Its 1 am! Do you know what your offshore team is doing?
You probably do because you are on the phone with them! For all of you working in some technical management capacity here in Silicon Valley, allow me to describe your day. Wake up and get to the office by 9. Put in a whole day’s worth of work attending meetings, planning, designing and developing cool stuff etc. and head home around 7. Get dinner, play with the kids, put them to bed and settle down comfortably with your laptop and Skype/Go-To Meeting/WebEx/Live Meeting for the next 4-5 hours. Get to bed after 1. Repeat. Sounds familiar?
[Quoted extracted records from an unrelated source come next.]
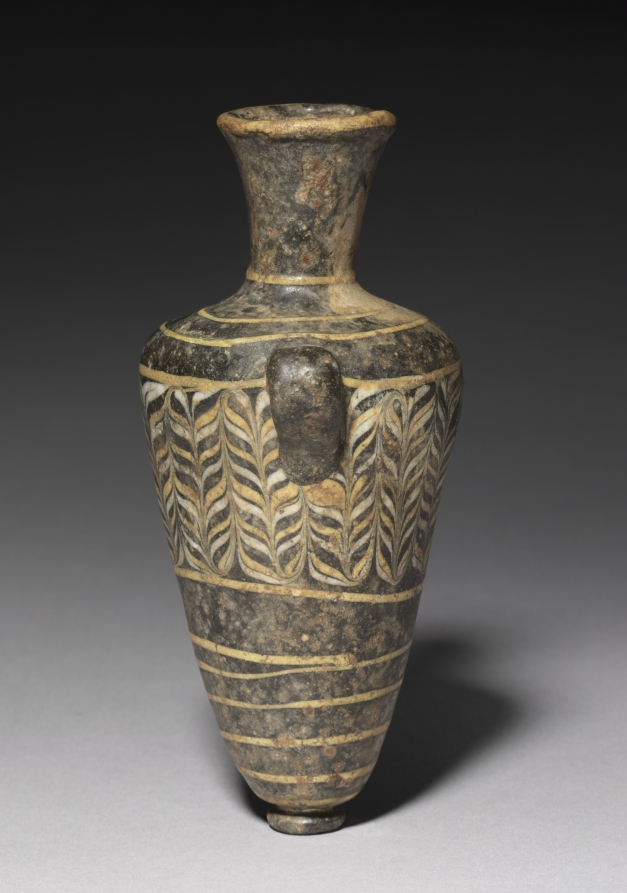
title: Unguent Bottle (Amphoriskos)
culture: Egypt, New Kingdom (1540–1069 BCE), Dynasties 18–19
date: 1549–1296 BCE
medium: glass
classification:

Effectively managing globally distributed technology teams is challenging and even though the world might be flat, it still has different time zones and you are expected to be awake in most of them! You didn’t really sign up for this, did you? This whole globally distributed team concept just crept up on you and suddenly, you find yourself in this mode to make concepts like “24×7”, “follow-the-sun” and “distributed agile” a reality. Seriously, when was the last time you got to watch Jon Stewart or David Lettermen?
I personally know many such managers who do this on a daily basis, working diligently with their remote teams in India, China, Ukraine, Romania, Philippines etc. When it gets too much, they pack their bags and take a cramped 30-hour journey to be there with them; and they do this multiple times a year!
What is going on?
We at Zephyr decided to analyze this problem by first looking at actual activities that take place between team members that are globally distributed. We monitored meetings, looked at the back-n-forth communication, and analyzed data that was being sent around. We found some very interesting things:
* A majority of the “managing the remote team” happened on conference calls and via emails that were cc:ed to the entire team
* On daily conference calls, the entire remote team usually attended whether they were active participants or not (usually not, as most were too junior or timid to speak up)
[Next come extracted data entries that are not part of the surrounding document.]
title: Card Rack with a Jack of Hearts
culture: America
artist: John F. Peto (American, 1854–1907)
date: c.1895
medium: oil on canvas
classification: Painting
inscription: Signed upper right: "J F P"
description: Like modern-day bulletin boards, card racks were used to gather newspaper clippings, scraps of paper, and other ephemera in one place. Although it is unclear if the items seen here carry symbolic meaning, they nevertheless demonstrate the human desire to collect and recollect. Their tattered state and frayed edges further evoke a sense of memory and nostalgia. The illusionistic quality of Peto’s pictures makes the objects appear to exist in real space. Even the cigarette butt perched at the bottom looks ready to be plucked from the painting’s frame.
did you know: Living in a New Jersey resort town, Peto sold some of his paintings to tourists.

* Almost 15 minutes were lost on every call waiting for participants to show up or dial into the bridge with repeated reminders to mute as background noise was annoying
* While some important activities did get accomplished, daily conference calls largely focused on assigning tasks and getting verbal status (sometimes individually and painfully from every team member)
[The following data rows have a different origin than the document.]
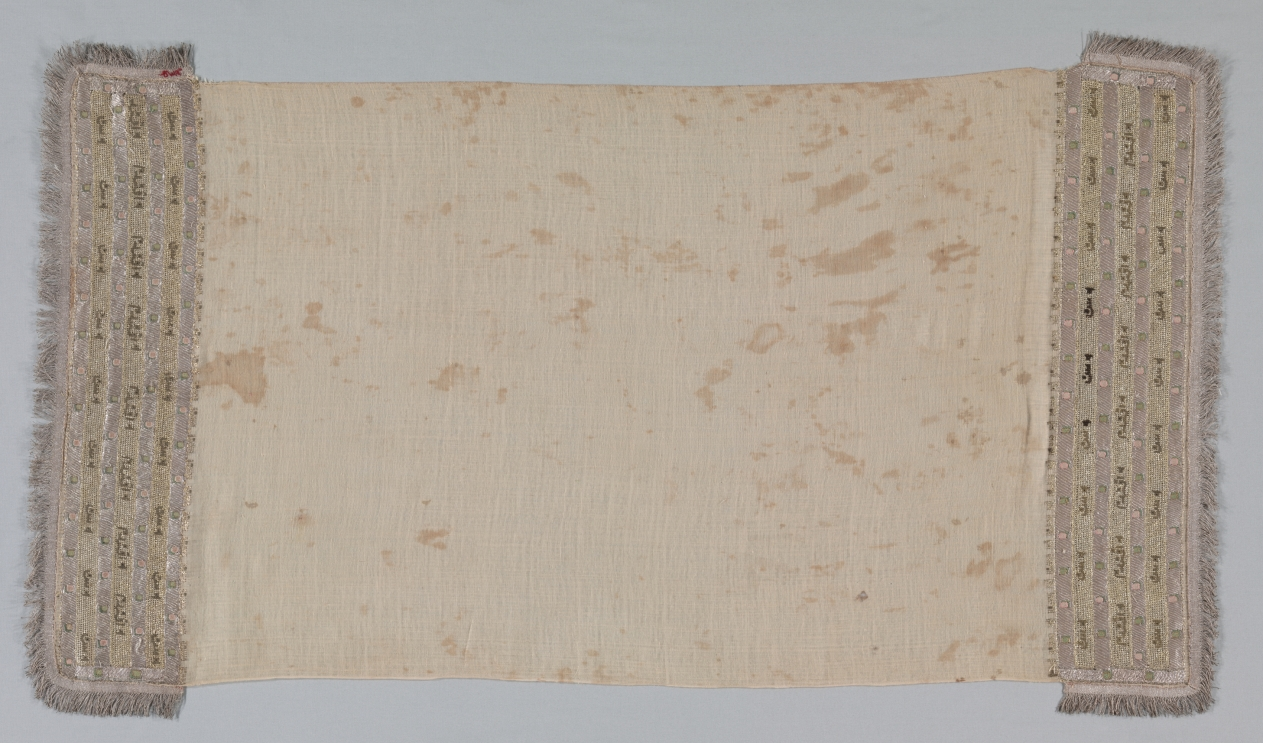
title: Embroidered Towel (Peshkir)
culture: Turkey, 19th century
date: 19th century
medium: embroidery: silk and gold and silver filé on cotton tabby ground
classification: Embroidery

* Remote team leads spent an hour everyday preparing for this daily call
* Tasks and assignments were usually shared via an Excel spreadsheet and Bugzilla/JIRA/defect reports were painfully walked through
* Next morning, the same call was repeated albeit for a shorter duration and with less attendees with the goal to get a status update on what transpired during the night and to check if anything was done incorrectly or lost in translation
We were amazed at how inefficient this whole process was and how much productivity was being lost on a daily basis. While communication technology has matured remarkably and costs have drastically reduced on that front, very little attention, if any, has been paid to the cost of managing remote teams in this fashion. For the simple day-to-day tasks of assigning work, providing status updates and exchanging data, globally distributed teams haven’t progressed much in the last decade.
How do you fix this?
Fundamentally, globally distributed teams have to get out of the mode of managing their interactions manually. This means automating as many of these tasks as possible and implementing newer technology which enables that. It means storing all project information in a centralized location that allows team members to access the same data irrespective of where they are physically located. It means really leveraging cloud technologies, not just talking about it. It means using push-based updates and notifications in the enterprise software world like they are used to on their personal devices. It means providing real-time status updates that require no human intervention. It involves smarter server and cloud technology, fast and consistent access, real-time integrations and live dashboards.
Here are some key ways that globally distributed teams need to change in order to bring about some sanity in their management process and dramatically increase productivity:
* Invest in newer cloud-based technologies that allow all team members access to well organized information, irrespective of where they access it from or which OS/Browser they are using (needless to say, use web applications for this).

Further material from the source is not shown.